Another important decision to make during the creation of a table is whether to specify one or more columns as sort keys. Sorting enables efficient handling of range-restricted predicates. If a query uses a range-restricted predicate, the query processor can rapidly skip over large numbers of blocks during table scans.
The sort keys for a table can be either compound or interleaved. A compound sort key is more efficient when query predicates use a prefix, which is a subset of the sort key columns in order. An interleaved sort key gives equal weight to each column in the sort key, so query predicates can use any subset of the columns that make up the sort key, in any order.
Amazon Redshift supports standard SQL commands like INSERT and UPDATE to create and modify records in a table. For bulk operations, however, Amazon Redshift provides the COPY command as a much more efficient alternative than repeatedly calling INSERT.
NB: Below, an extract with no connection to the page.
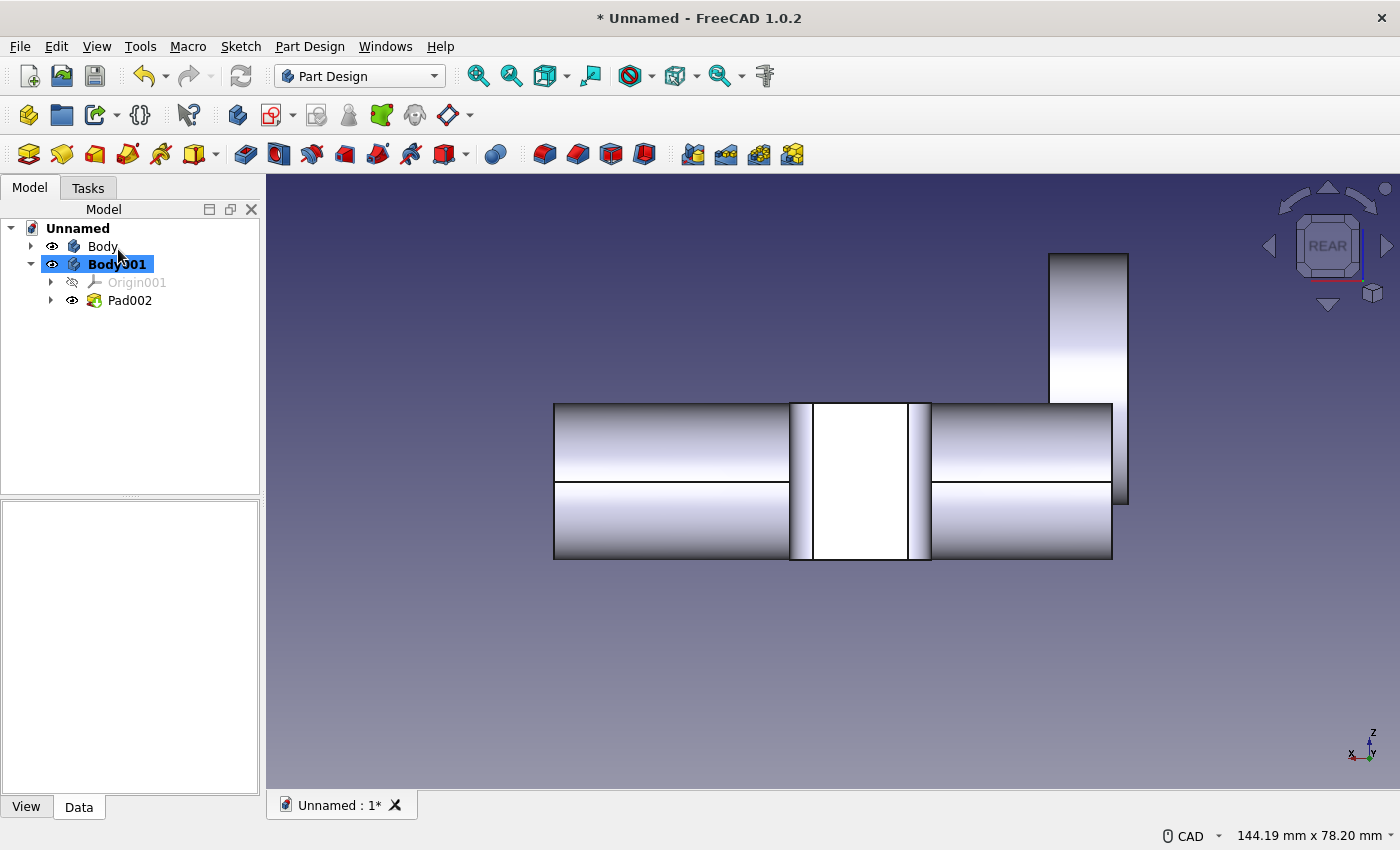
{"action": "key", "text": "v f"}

When loading data from Amazon S3, the COPY command can read from multiple files at the same time. Amazon Redshift can distribute the workload to the nodes and perform the load process in parallel. Instead of having one single large file with your data, you can enable parallel processing by having a cluster with multiple nodes and multiple input files.
After each bulk data load that modifies a significant amount of data, you will need to perform a VACUUM command to reorganize your data and reclaim space after deletes. It is also recommended to run an ANALYZE command to update table statistics.
To Query table, Amazon Redshift allows us to write SQL commands. For large Amazon Redshifts clusters which supports large numbers of users, WLM (Workload Management) is configured to queue and priorities Queries.
Similar to Amazon RDS, you can create point-in-time snapshots of your Amazon Redshift cluster. A snapshot can then be used to restore a copy or create a clone of your original Amazon Redshift cluster. Snapshots are durably stored internally in Amazon S3 by Amazon Redshift.
Amazon Redshift supports both automated snapshots and manual snapshots. With automated snapshots, Amazon Redshift will periodically take snapshots of your cluster and keep a copy for a configurable retention period. You can also perform manual snapshots and share them across regions or even with other AWS accounts. Manual snapshots are retained until you explicitly delete them.